The upshot is that in one sense Data Frames are really just advanced tables, but Data Frames are a little cleverer than a simple 2D array of data.

They can contain different types of data in different columns.
Unlike a simple 2D array, they have column headings (the keys), and data can be indexed by these, which means adding a column to a dataset is easy, and often doesn’t require changes to code.
They naturally map to the way we often store data (e.g., in CSV or spreadsheet files), so input and output are easy.
They allow for missing data, which is endemic in real datasets, in a natural and (hopefully) efficient manner.
We can perform joins across them.
Data Frames match naturally to the philosophy of Tidy Data

Julia has a package called, naturally enough DataFrames, and in conjunction with a few other bits and pieces (in particular the CSV package) it’s very powerful. So here’s a few steps to using it. BTW, I assume you lot can read the docs and install a package. Sound fair?

Included below is a simple set of code I’ve been using to learn how to use Data Frames in Julia. Data Frames are an idea that comes from the programming language R.

With the CSV package it is very easy to read in a CSV file into a Data Frame. For instance, download the file movie_sequence.csv, and try this

julia> using DataFrames
julia> using CSV
julia> file = "movie_sequence.csv"
julia> movies = CSV.read(file)

It should display a table of showing the contents of the CSV file. Now we can play with this data in many ways. For instance, we can extract a set of columns using

julia> movies[ [:Title, :Phase] ]

will output just the two selected columns (also in a Data Frame).

And we can do all the standard things you would like to do. Have a look at the DataFrames documentation for many more examples and here is a handy cheat sheet.

The most important thing to grasp is that the data types of the columns are unions of a standard type, and Missing. And each column is (in some sense) a separate array (each of the same length). So, we a column of integers might be of type

	Array{Union{Missing, Int64},1}

That is, and 1-D array of elements of type Union{Missing, Int64}. This is important, as it sometimes means we are a bit clumsy working on these. Julia has many functions defined, for instance, for integers, but they won’t work out of the box on a Union because Julia uses multiple dispatch to select which function is called. It matches up the types of the arguments to the input parameters, and if it can’t find a matching function there will be an error.
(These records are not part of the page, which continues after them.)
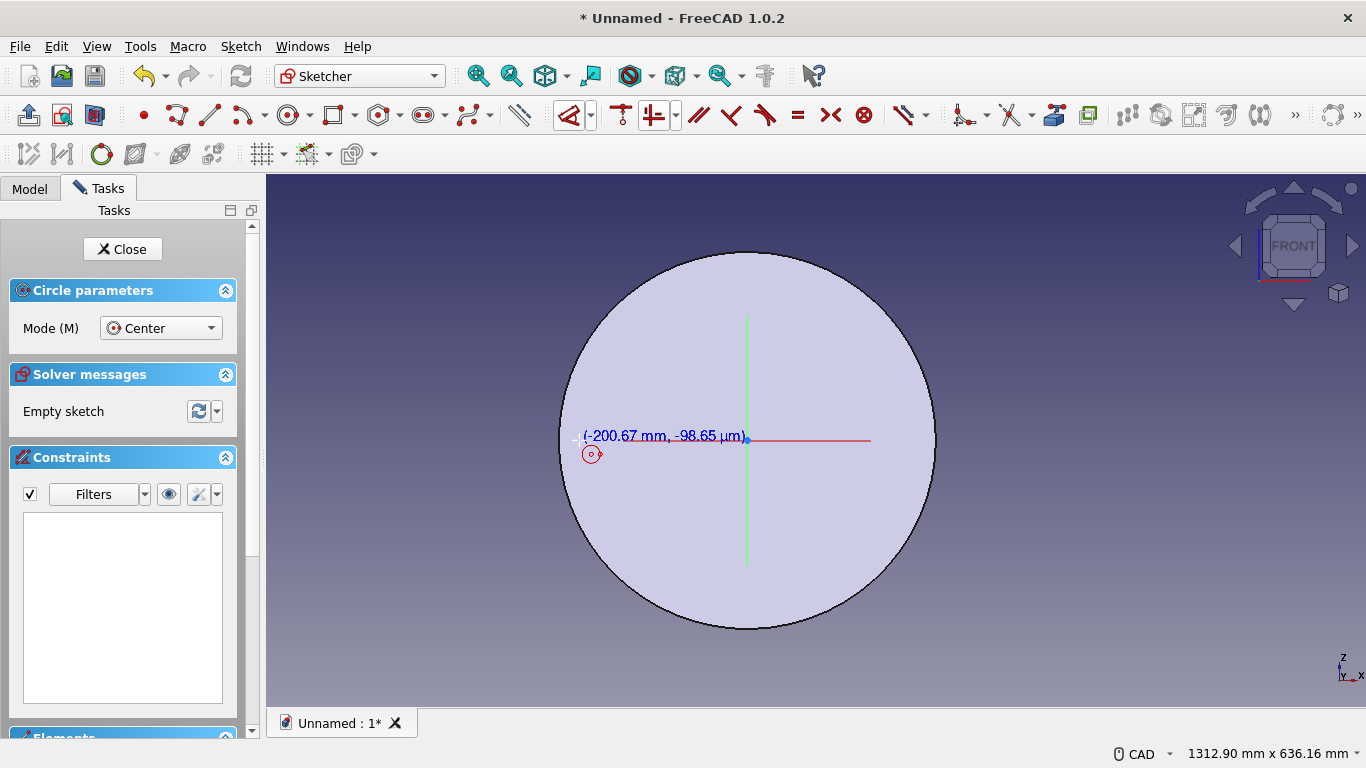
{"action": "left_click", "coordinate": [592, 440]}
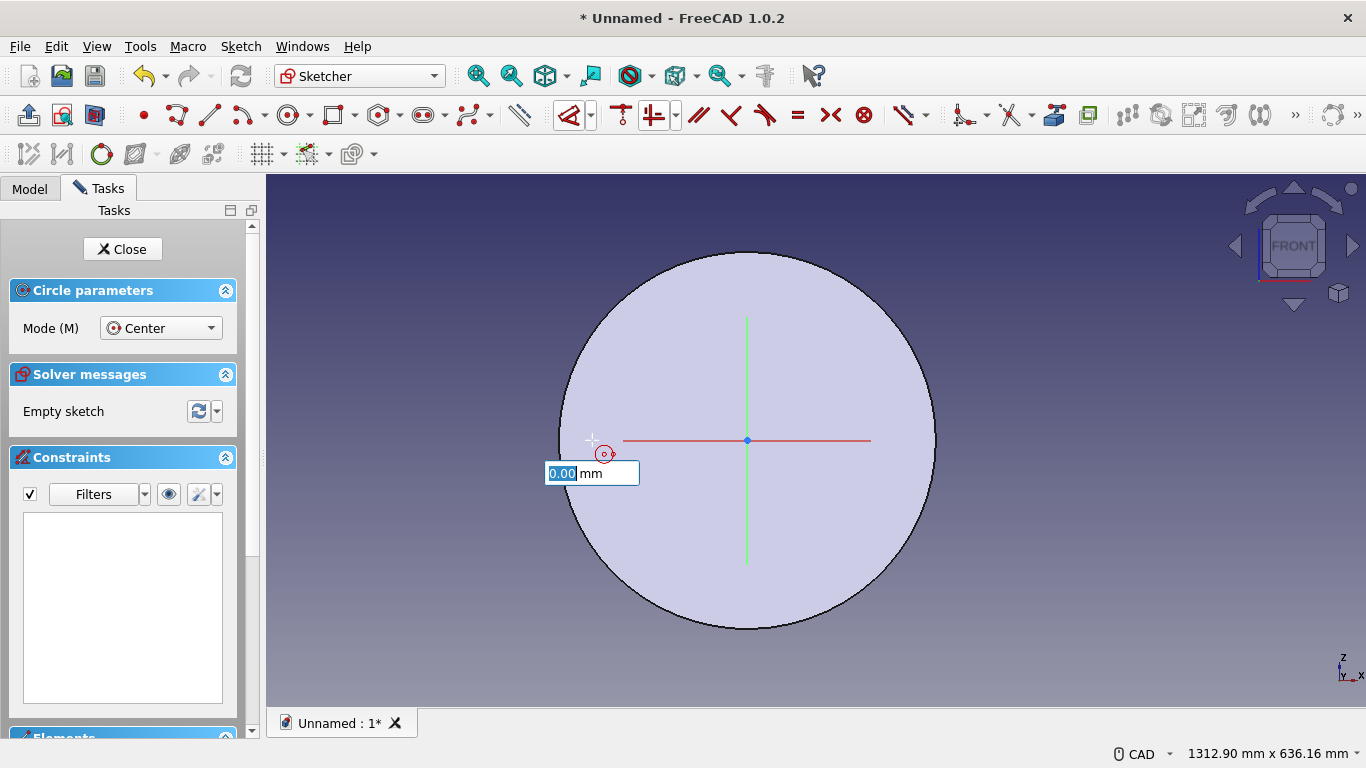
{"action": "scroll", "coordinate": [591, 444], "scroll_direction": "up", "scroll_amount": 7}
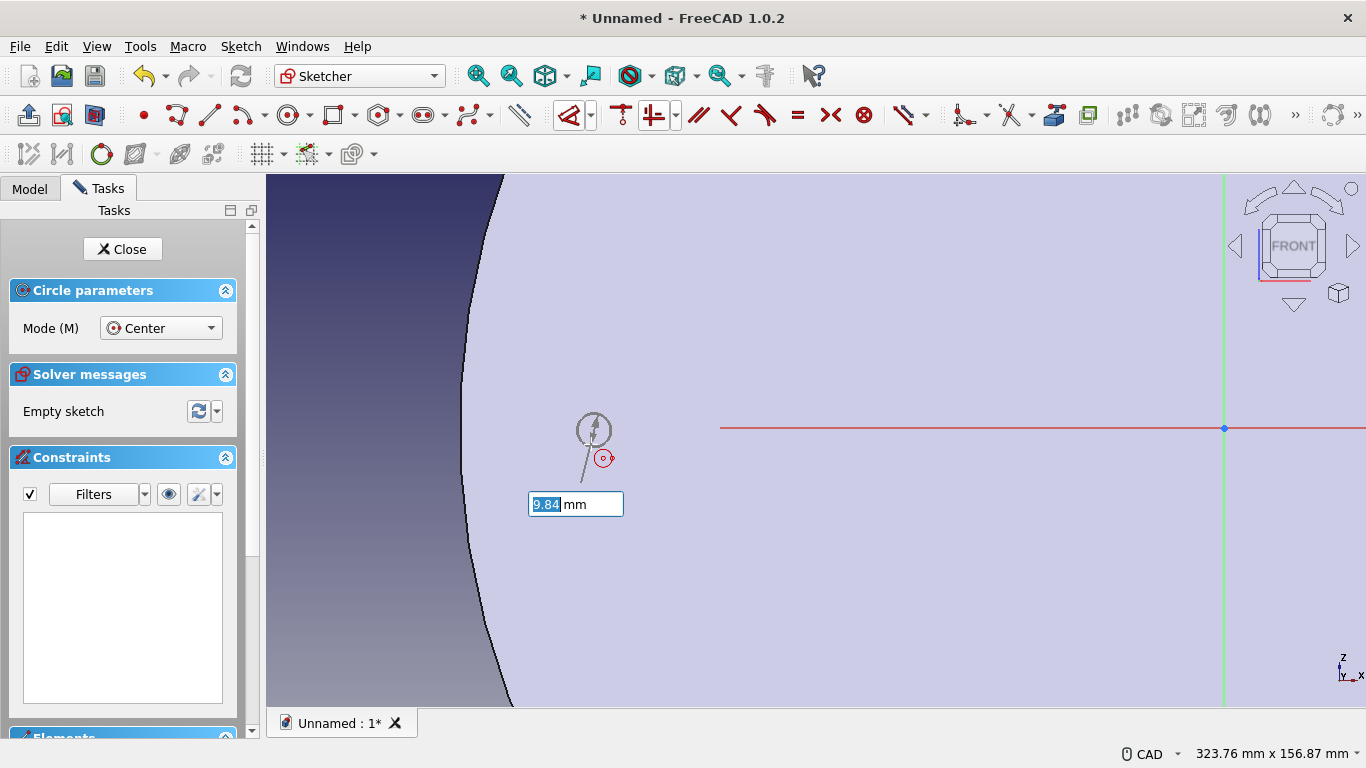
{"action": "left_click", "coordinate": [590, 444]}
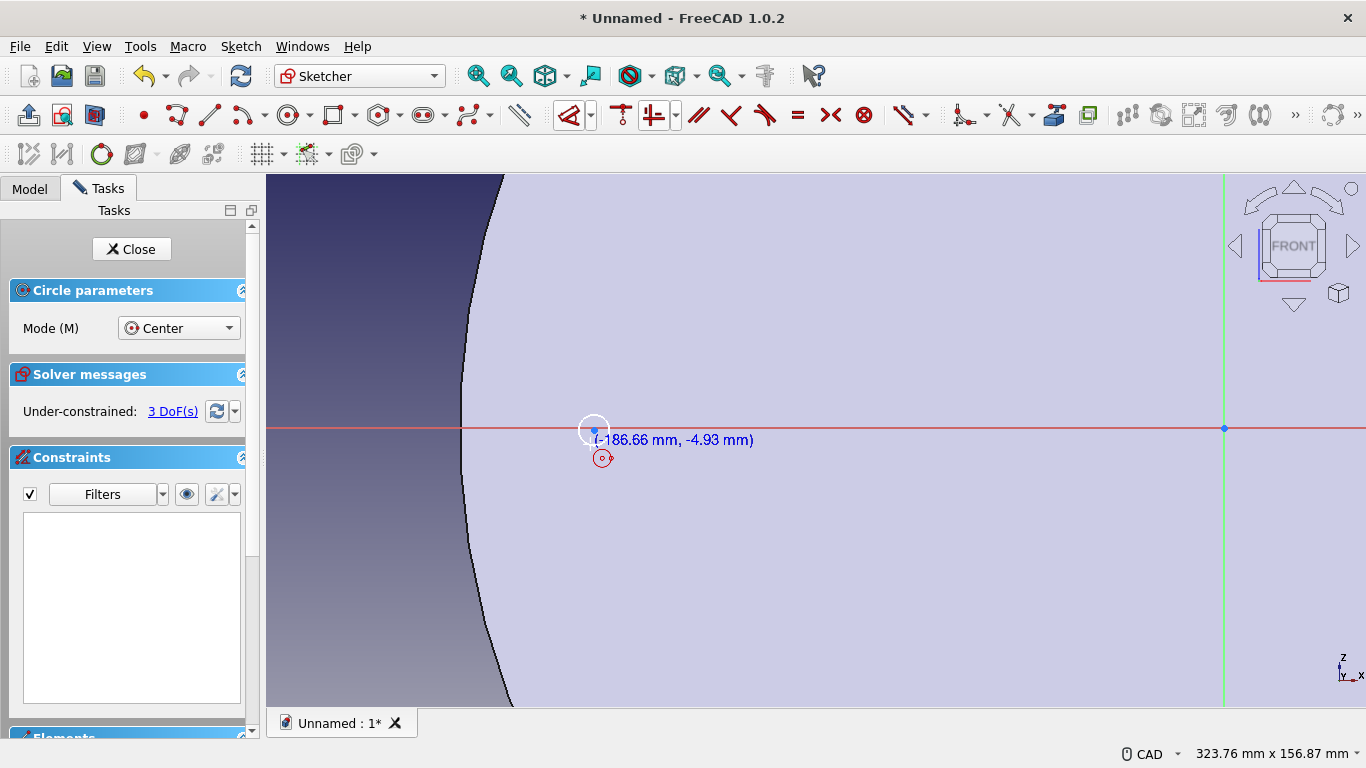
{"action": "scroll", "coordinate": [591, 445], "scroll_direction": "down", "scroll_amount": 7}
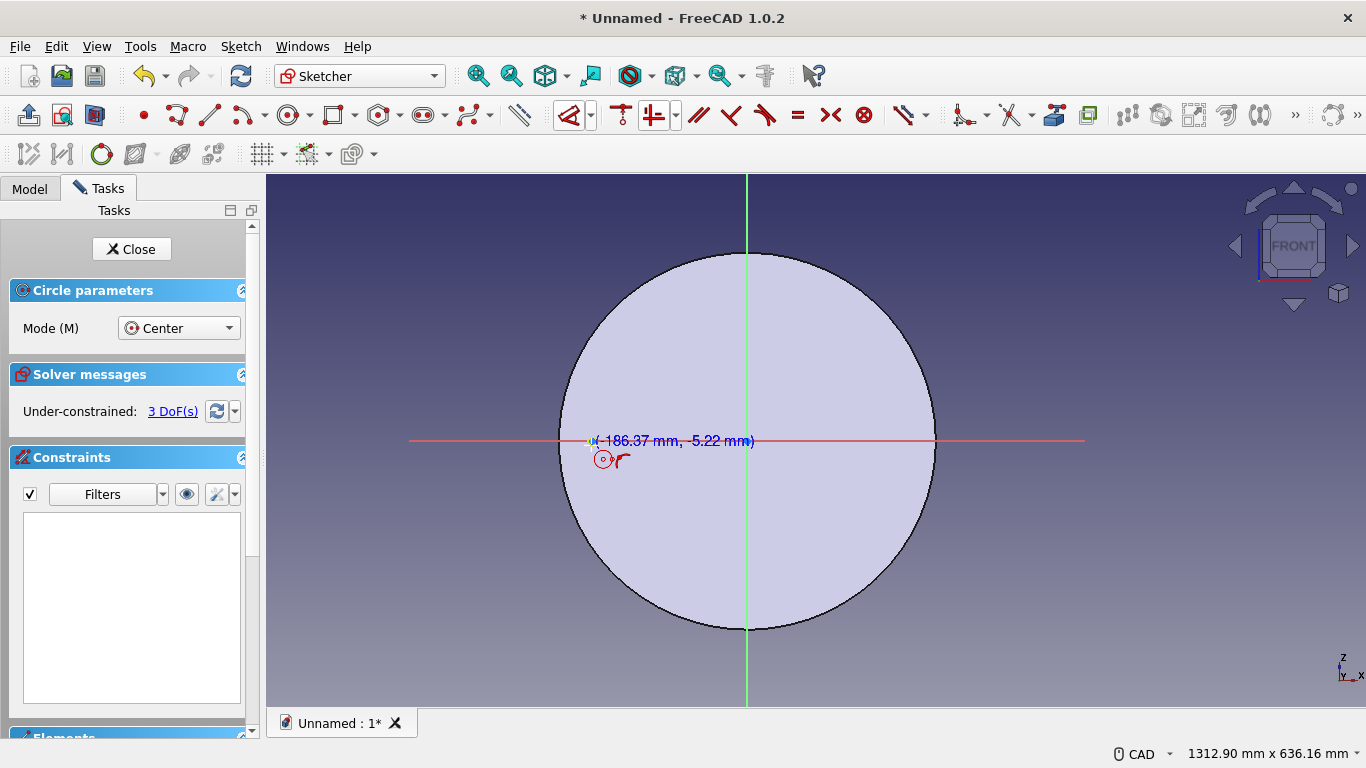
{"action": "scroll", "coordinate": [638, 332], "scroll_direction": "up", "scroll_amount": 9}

I wrote a few (slightly painful looking) pieces of code to cope with this. For instance, the following lines strip leading and trailing spaces from String elements, and replace Missing elements with an empty string.

function replace_missing!( DF::DataFrame)
    # replace all of the missing strings with blanks, and get rid of leading or trailing spaces
    for (k,s) in eachcol(DF, true)
        if eltype(DF[k]) == Union{Missing, String}
            DF[k] = Array{Union{Missing, String},1}(String.(strip.(coalesce.(s, ""))))
        end 
    end
end

I’m guessing the Julia aficionados have a better way of doing the same, but this is illustrative. breaking it down:

eachcol iterates through each column of DF returning the key k and s data of the column.
eltype returns the type and we only both with Strings, though note we match against Union{Missing, String}.
coalesce(value, "") replaces Missing values with the empty string. But note we use a standard Julia trick here. If you have a function coalesce function defined for a type X, then coalesce. will iterate it over the whole array.
strip. removes leading and trailing spaces, and we use the “.” trick again to apply it to the whole array.
String converts the output from a SubString back to String. Substrings contain a reference to the original, and I don’t want to hang onto that.
Array{Union{Missing, String},1} then maps this back into an array of unions (not just an array of strings).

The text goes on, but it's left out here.